La feria de San Fermín - Alfa y Omega

La feria de San Fermín

España se ha vuelto correcta y previsible. Las comunidades de propietarios ya no son lo que eran. Antes, los vecinos se conocían; ahora, desean pillarse en el renuncio de alguna indisciplina…

Javier Alonso Sandoica

España se ha vuelto correcta y previsible. Las comunidades de propietarios ya no son lo que eran. Antes, los vecinos se conocían; ahora, desean pillarse en el renuncio de alguna indisciplina. Queda lejos el tiempo en que los propietarios se bajaban el marisco a la piscina y las farras veraniegas se llevaban la madrugada por delante.
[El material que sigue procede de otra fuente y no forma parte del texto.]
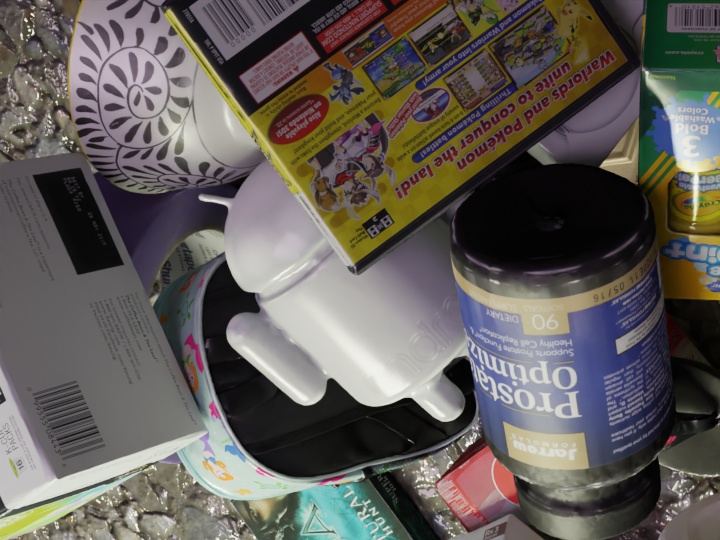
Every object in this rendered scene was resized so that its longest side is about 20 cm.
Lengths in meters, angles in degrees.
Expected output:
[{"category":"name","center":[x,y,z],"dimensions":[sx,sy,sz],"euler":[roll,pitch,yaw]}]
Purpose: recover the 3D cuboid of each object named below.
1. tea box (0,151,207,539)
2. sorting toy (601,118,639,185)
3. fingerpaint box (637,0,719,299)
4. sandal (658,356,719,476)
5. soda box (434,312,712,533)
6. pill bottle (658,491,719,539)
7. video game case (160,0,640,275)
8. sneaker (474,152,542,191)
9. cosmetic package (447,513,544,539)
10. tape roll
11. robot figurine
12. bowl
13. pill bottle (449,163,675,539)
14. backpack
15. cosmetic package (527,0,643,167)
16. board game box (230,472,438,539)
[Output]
[{"category":"tea box","center":[-0.236,0.060,1.092],"dimensions":[0.197,0.134,0.200],"euler":[-33,78,38]},{"category":"sorting toy","center":[0.112,-0.082,1.126],"dimensions":[0.200,0.036,0.185],"euler":[28,124,25]},{"category":"fingerpaint box","center":[0.251,-0.062,0.948],"dimensions":[0.200,0.073,0.167],"euler":[3,135,10]},{"category":"sandal","center":[0.153,0.079,1.075],"dimensions":[0.200,0.045,0.075],"euler":[21,119,23]},{"category":"soda box","center":[0.141,0.109,1.168],"dimensions":[0.063,0.070,0.200],"euler":[50,127,2]},{"category":"pill bottle","center":[0.271,0.247,1.124],"dimensions":[0.113,0.113,0.200],"euler":[-10,107,35]},{"category":"video game case","center":[0.024,-0.128,0.952],"dimensions":[0.200,0.026,0.181],"euler":[-37,100,-4]},{"category":"sneaker","center":[0.064,-0.118,1.078],"dimensions":[0.088,0.074,0.200],"euler":[-8,94,42]},{"category":"cosmetic package","center":[0.126,0.264,1.199],"dimensions":[0.200,0.081,0.113],"euler":[37,133,-21]},{"category":"tape roll","center":[-0.147,0.031,1.235],"dimensions":[0.085,0.200,0.200],"euler":[9,116,29]},{"category":"robot figurine","center":[0.000,0.000,1.036],"dimensions":[0.200,0.170,0.113],"euler":[44,174,-14]},{"category":"bowl","center":[-0.081,-0.132,1.110],"dimensions":[0.094,0.201,0.201],"euler":[21,122,31]},{"category":"pill bottle","center":[0.117,0.050,0.976],"dimensions":[0.112,0.112,0.200],"euler":[9,129,29]},{"category":"backpack","center":[-0.042,0.061,1.153],"dimensions":[0.151,0.200,0.178],"euler":[-22,84,48]},{"category":"cosmetic package","center":[0.095,-0.169,1.001],"dimensions":[0.200,0.052,0.151],"euler":[38,87,-8]},{"category":"board game box","center":[0.003,0.227,1.338],"dimensions":[0.135,0.028,0.200],"euler":[-36,90,38]}]
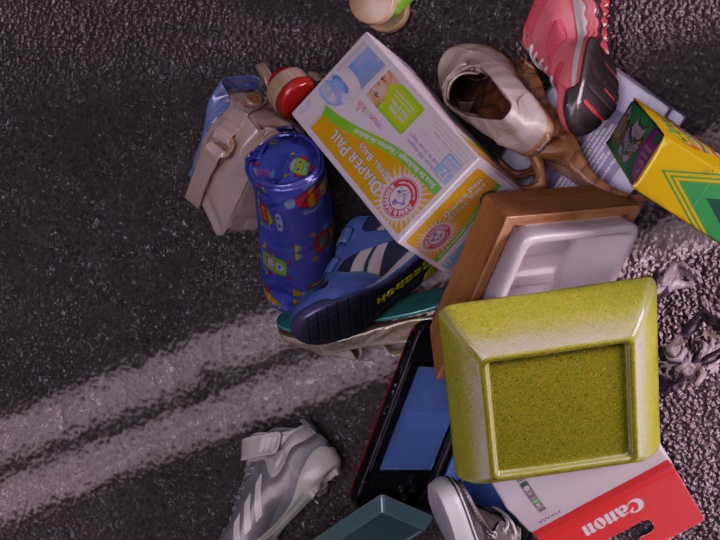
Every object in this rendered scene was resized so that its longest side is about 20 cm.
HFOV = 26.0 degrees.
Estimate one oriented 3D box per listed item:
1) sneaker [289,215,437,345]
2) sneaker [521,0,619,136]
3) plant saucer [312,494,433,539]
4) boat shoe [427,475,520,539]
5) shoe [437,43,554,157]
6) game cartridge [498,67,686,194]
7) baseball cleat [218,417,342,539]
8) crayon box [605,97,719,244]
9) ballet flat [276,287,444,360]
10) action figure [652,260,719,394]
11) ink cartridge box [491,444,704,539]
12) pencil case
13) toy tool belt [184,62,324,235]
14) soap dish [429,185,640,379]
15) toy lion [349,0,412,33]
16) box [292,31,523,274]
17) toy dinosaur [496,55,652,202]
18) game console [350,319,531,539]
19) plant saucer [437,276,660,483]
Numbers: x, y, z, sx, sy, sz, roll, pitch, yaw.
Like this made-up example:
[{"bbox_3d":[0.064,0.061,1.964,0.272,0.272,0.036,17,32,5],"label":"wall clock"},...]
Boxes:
[{"bbox_3d":[0.000,0.000,1.550,0.199,0.074,0.082,-35,65,-24],"label":"sneaker"},{"bbox_3d":[0.195,-0.206,1.481,0.086,0.074,0.202,-13,54,30],"label":"sneaker"},{"bbox_3d":[-0.013,0.286,1.587,0.069,0.019,0.200,26,133,-28],"label":"plant saucer"},{"bbox_3d":[0.124,0.264,1.543,0.070,0.072,0.201,-29,130,-4],"label":"boat shoe"},{"bbox_3d":[0.118,-0.173,1.483,0.070,0.053,0.200,-60,34,14],"label":"shoe"},{"bbox_3d":[0.210,-0.105,1.531,0.133,0.041,0.201,36,104,7],"label":"game cartridge"},{"bbox_3d":[-0.110,0.239,1.650,0.200,0.070,0.107,-43,76,6],"label":"baseball cleat"},{"bbox_3d":[0.314,-0.073,1.395,0.172,0.200,0.059,33,104,-7],"label":"crayon box"},{"bbox_3d":[0.008,0.065,1.595,0.198,0.068,0.063,-7,122,19],"label":"ballet flat"},{"bbox_3d":[0.306,0.063,1.484,0.199,0.102,0.120,6,133,53],"label":"action figure"},{"bbox_3d":[0.223,0.208,1.519,0.160,0.050,0.201,-30,99,12],"label":"ink cartridge box"},{"bbox_3d":[-0.069,-0.046,1.545,0.086,0.078,0.201,21,143,22],"label":"pencil case"},{"bbox_3d":[-0.117,-0.144,1.576,0.123,0.124,0.201,51,132,34],"label":"toy tool belt"},{"bbox_3d":[0.157,0.010,1.460,0.081,0.156,0.201,56,139,37],"label":"soap dish"},{"bbox_3d":[0.069,-0.356,1.540,0.198,0.069,0.194,-18,83,18],"label":"toy lion"},{"bbox_3d":[0.044,-0.110,1.476,0.113,0.101,0.200,-46,56,10],"label":"box"},{"bbox_3d":[0.189,-0.112,1.488,0.106,0.060,0.201,-38,84,15],"label":"toy dinosaur"},{"bbox_3d":[0.108,0.166,1.548,0.118,0.171,0.202,29,104,39],"label":"game console"},{"bbox_3d":[0.178,0.115,1.417,0.197,0.048,0.202,-8,122,1],"label":"plant saucer"}]
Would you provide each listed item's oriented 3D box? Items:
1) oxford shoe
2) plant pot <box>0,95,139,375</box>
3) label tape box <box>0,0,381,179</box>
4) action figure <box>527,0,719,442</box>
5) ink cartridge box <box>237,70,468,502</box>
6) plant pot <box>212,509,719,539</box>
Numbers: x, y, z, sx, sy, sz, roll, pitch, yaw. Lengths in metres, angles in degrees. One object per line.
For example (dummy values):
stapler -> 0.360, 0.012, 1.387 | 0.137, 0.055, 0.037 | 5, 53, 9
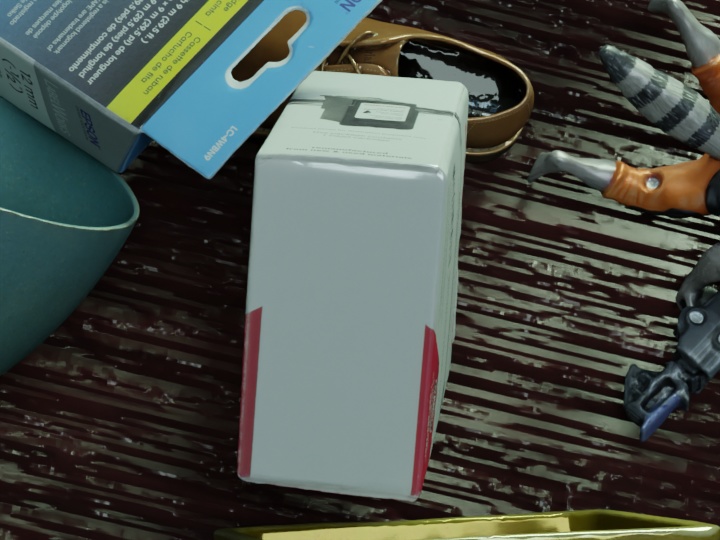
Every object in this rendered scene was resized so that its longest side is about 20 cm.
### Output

En esta postdemocracia del siglo XXI todo lo rige el Reglamento de la comunidad, y espérate tú a infringir un ápice los horarios consensuados, que te ponen un agente en la puerta. A Villa, los catalanes no le perdonan la celebración de sus goles en el Mundial con un pase de pecho, porque matar toros está muy feo, y decir que disfrutas con una corrida es cosa de la España profunda. A Villa le han quitado la espontaneidad y, con tanto tiralíneas, nos van a sustraer al país entero el peso de las costumbres.

Ha vuelto la feria de San Fermín, semana de toros en la que siempre se aprende. Las faenas son escuelas de barrio que echan su pizarra a la intemperie. Ignacio Sánchez Mejías, torero a quien Lorca lloró con tanto gusto y dolor, escribió que el toro es el demonio y que, para librarse de él, hace falta «hacer la cruz con la muleta y el estoque, obligándolo a humillar la cabeza, y hundirle la espada en el morillo». Ya nadie entiende estas palabras cristianas de Sánchez Mejías, porque España se ha vuelto materialista, terca en su realismo de funcionario sin alegría.

Por encima de todo, la Fiesta es una revelación simbólica del misterio del hombre, como le ocurre a todo arte que se precie. El juego del toro y el torero sugiere lo que el mundo tiene de misteriosa tragedia, en el que uno no se juega los garbanzos, sino su propio destino de eternidad. Carlos Marzal habla de los toros como pedagogía del no-atropello, porque el torero, además de arte, ciencia y arrojo, necesita el temple propio de quien no se atolondra.

La palabra que sienta mejor al hombre quizá sea esta misma: temple. Con el temple, uno se fía de Dios y no se acobarda de la empresa cotidiana, al tiempo que se fija en lo que tiene entre manos y no divaga por un futuro imperfecto. Con el toro y el torero aprendemos la vocación de detenernos, primer paso para entender aquello de san Basilio de que «todas las cosas son una escuela para las almas», asunto que nuestro protagonista de la postdemocracia quizá tampoco entienda.